Taking forward the culture of compliance on current good manufacturing practices (cGMP) in India, IPR legal experts who are working in sync with global regulatory authorities on GMP have observed that Indian manufacturers who have been exposed to regulatory scrutiny have failed in areas related to root cause analysis and not keeping to terms with the evolving current GMPs followed globally.
They have pinpointed that there is a need to modernise GMP standards when the big pharma in India looks forward at manufacturing complex generics which has a market of over 2 billion dollars, according to industry estimates.
This is also in consonance with the growing number of audits to be taken up by global counterparts worldwide in the future with global regulators hiring drug inspectors for auditing sites in respective countries of engagement and operations for GMP compliance.

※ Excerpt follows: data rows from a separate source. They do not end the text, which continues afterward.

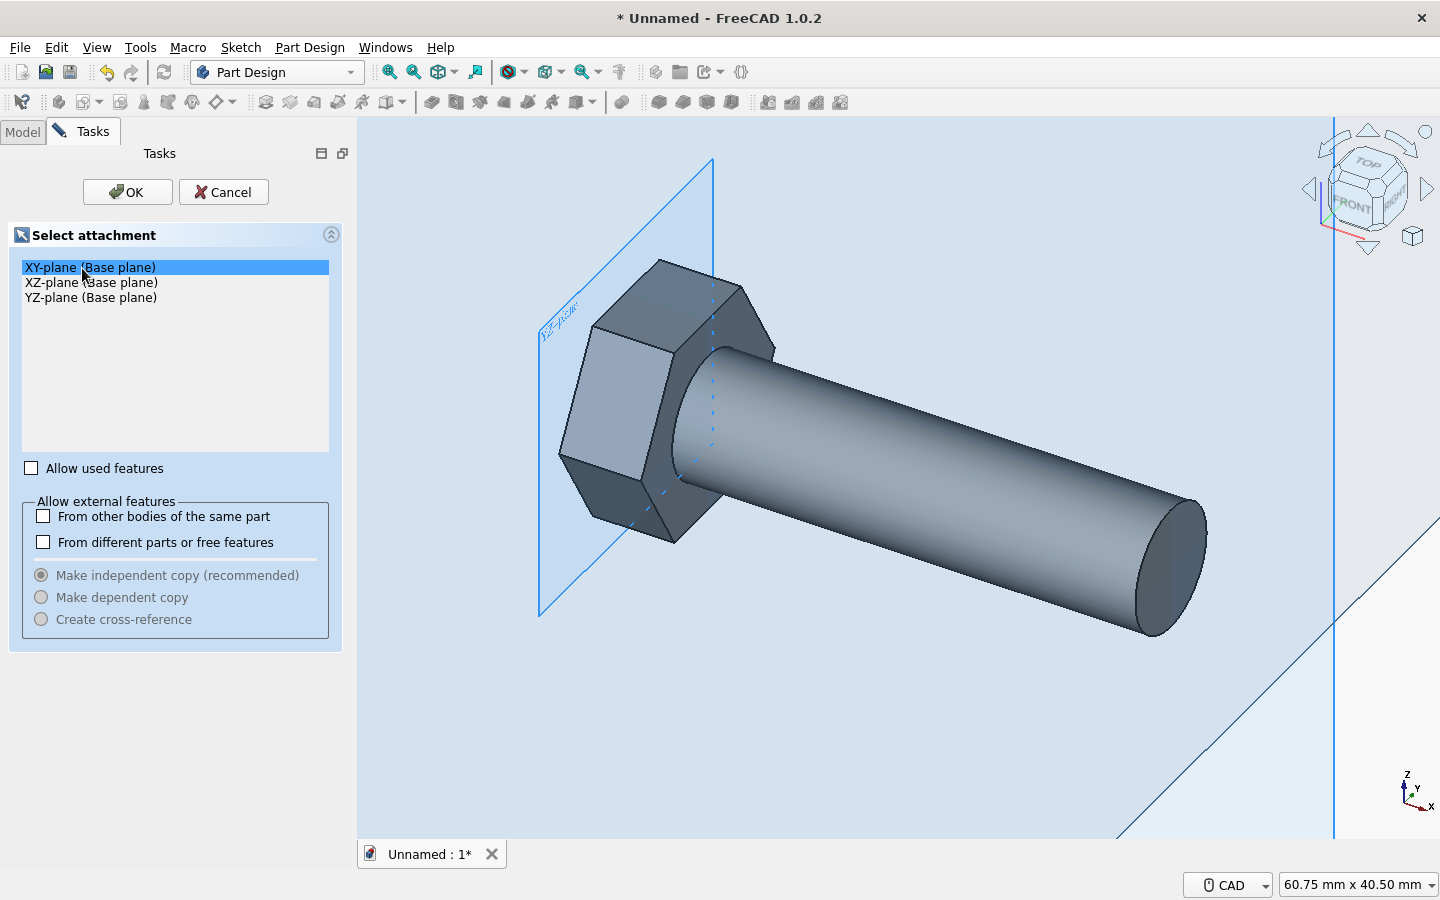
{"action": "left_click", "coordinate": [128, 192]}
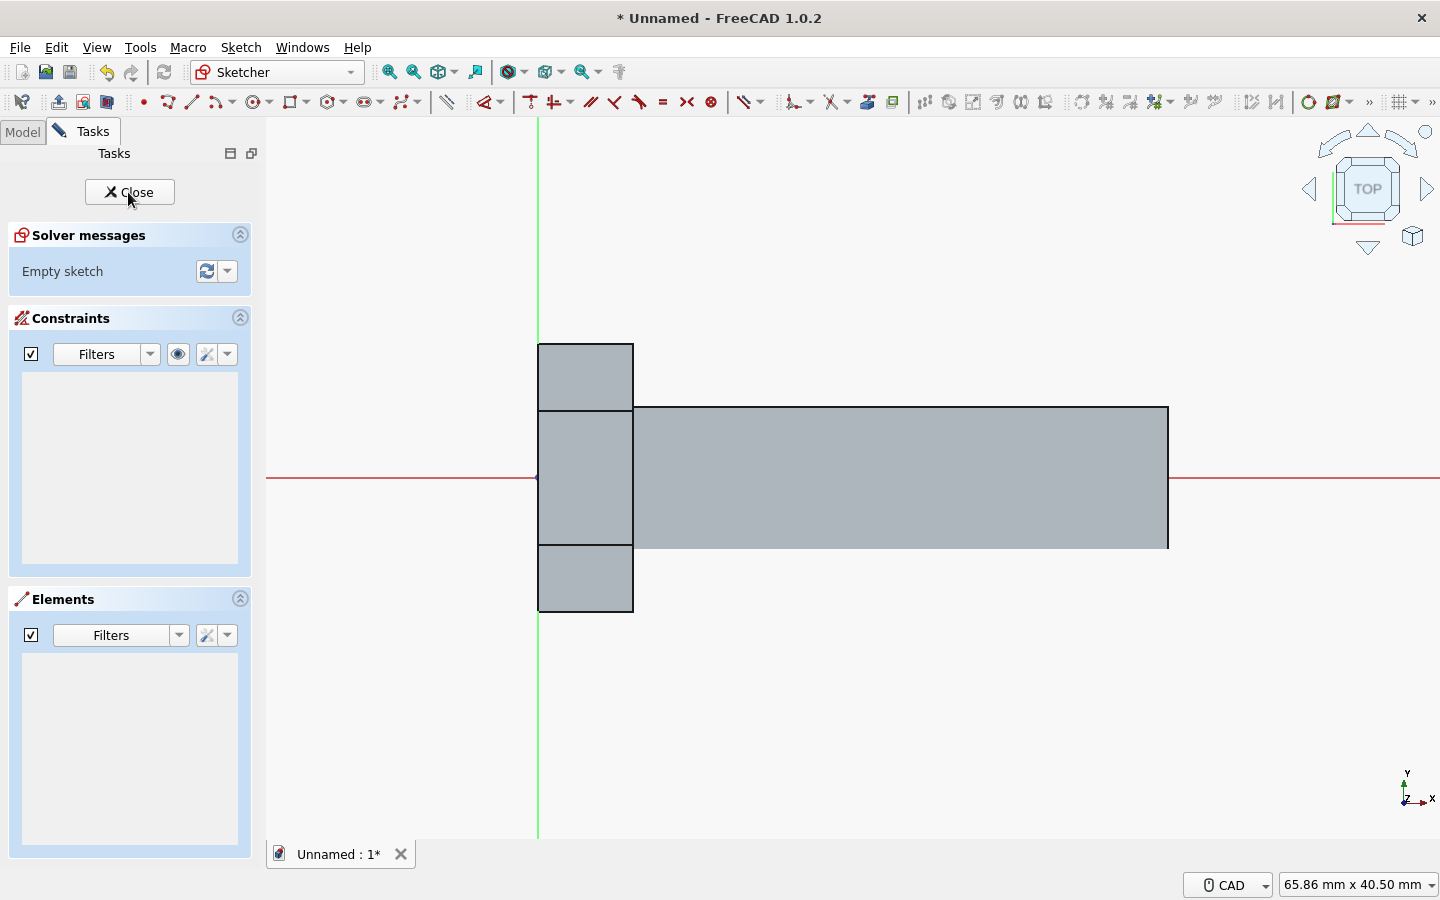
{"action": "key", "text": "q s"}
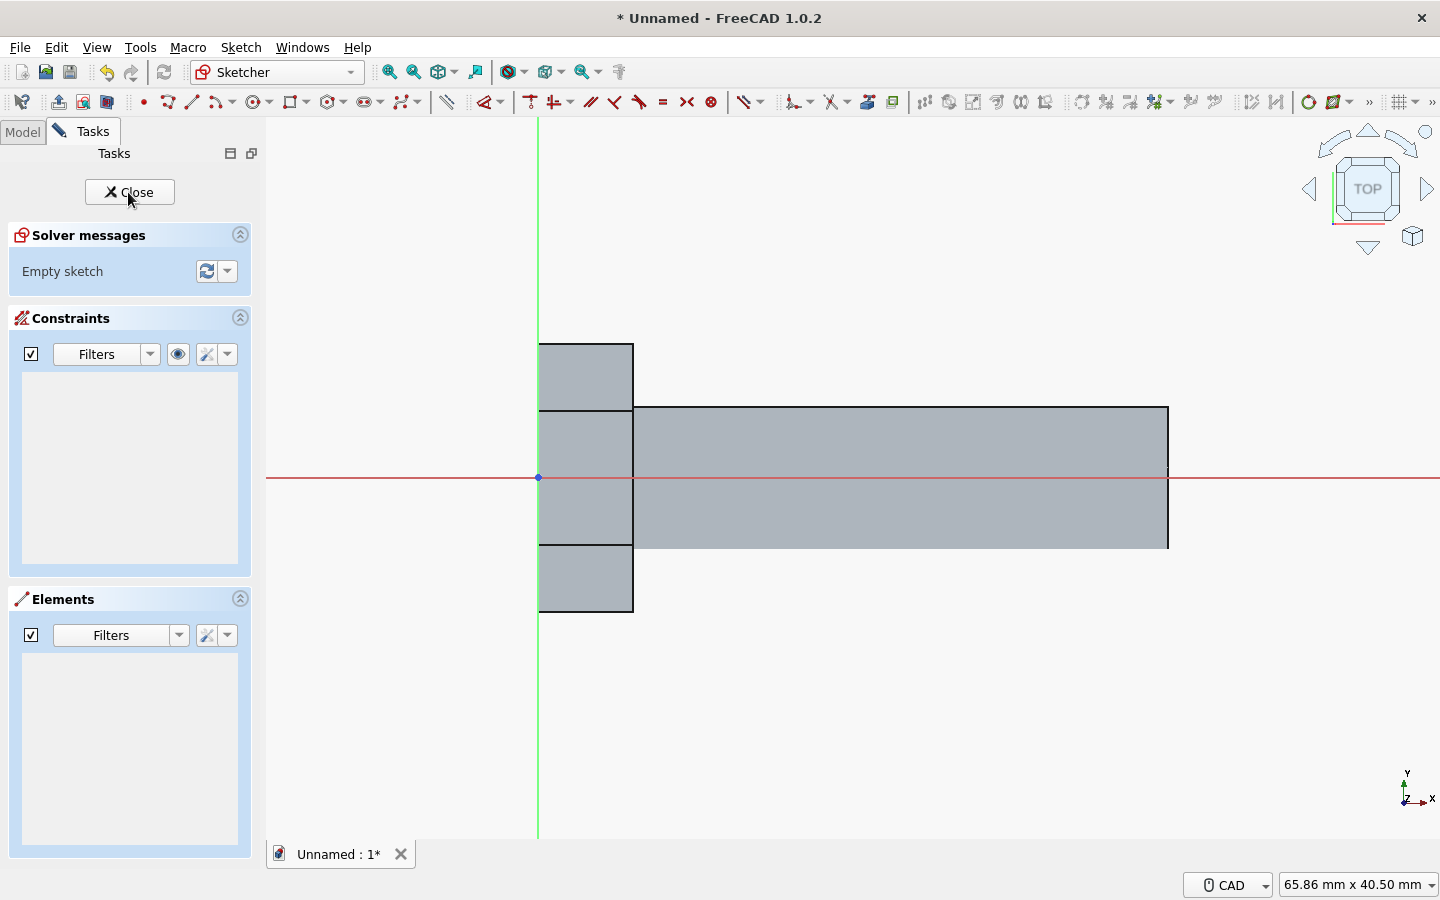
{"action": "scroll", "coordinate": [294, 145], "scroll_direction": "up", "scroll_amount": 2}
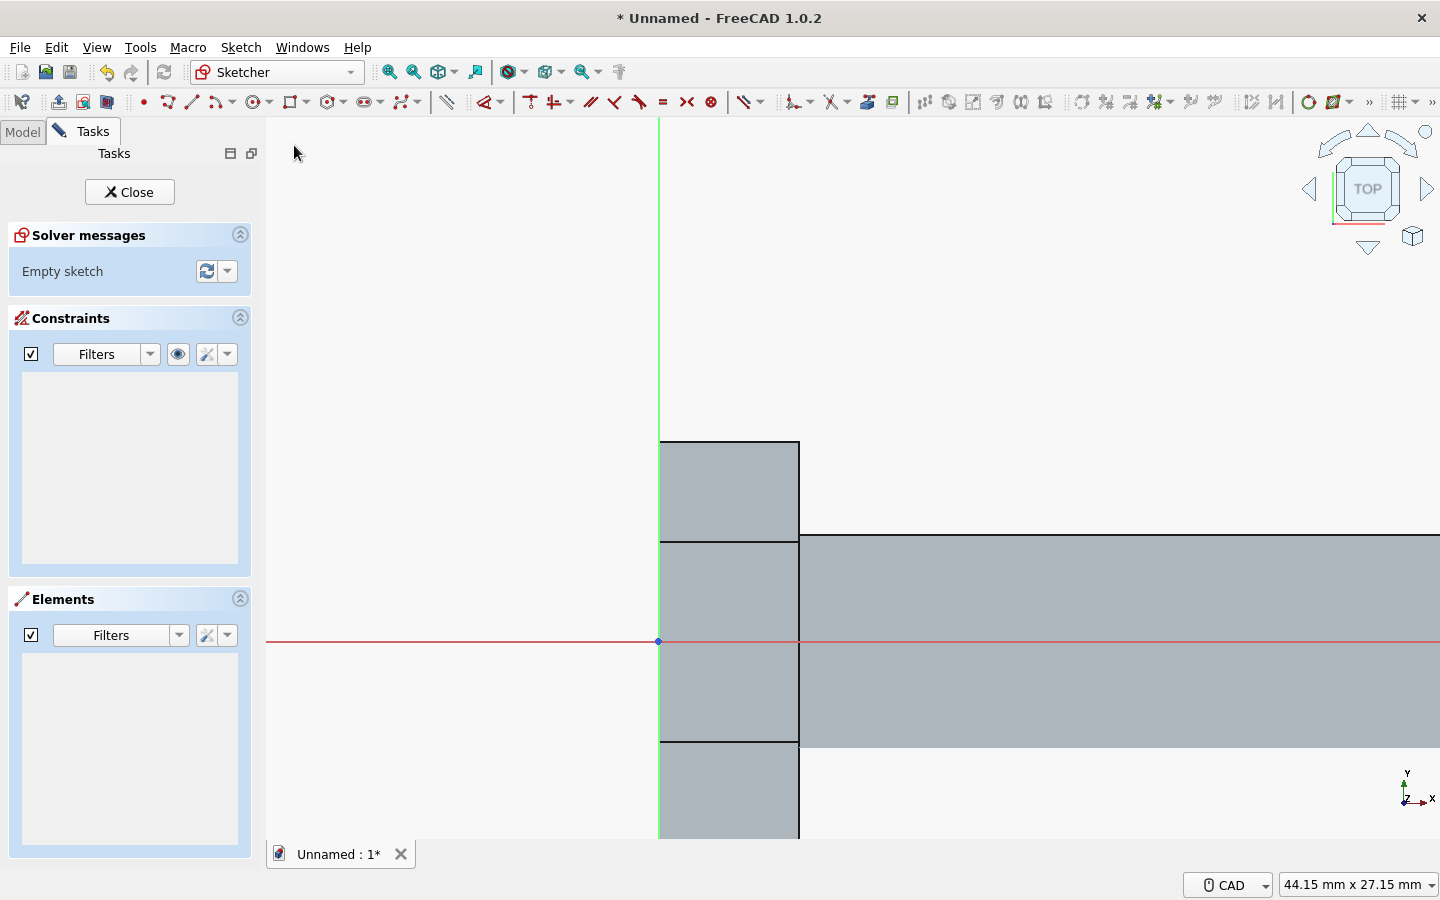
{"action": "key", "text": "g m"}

While companies realize the importance of building stronger quality and operations systems across their manufacturing facilities, quality systems have unfortunately not seen upgrades at a proportionate pace. According to global regulatory observations, investigation of anomalies is one of the most frequent defect categories observed in its inspections worldwide. A direct consequence of weak investigation systems is that companies often face recurring deviations impacting product quality. Improvement in areas include problem definition, root cause analysis and comprehensive risk management processes.
Hence in general also, the global pharmaceutical industry faces the challenge of upgrading quality systems and delivering life-saving medicines simultaneously. India is no exception. Industry has seen a rise in quality sanctions in recent years. Between 2008 and 2014, the number of product recalls and warning letters received by pharma companies globally tripled. In India too the pharmaceutical companies have had mixed success in upgrading their quality systems.
Four GMP compliance reports were issued to Indian companies in 2015 compared to an average of around eight in 2011 to 14. Thirty per cent of quality related warning letters and less then 5 per cent drug recalls have also been attributed to Indian companies, according to official sources.
Over the past decades, the industry has invested heavily in upgrading its manufacturing plants to match international standards. Approximately 1400 manufacturing units in India are WHO GMP certified, and over 800 are UK MHRA approved. India continues to have the highest number of US FDA registered manufacturing facilities outside US.
The industry has strong capabilities in product development. Also, Indian pharmaceutical companies have the largest share of DMFs and ANDAs outside US.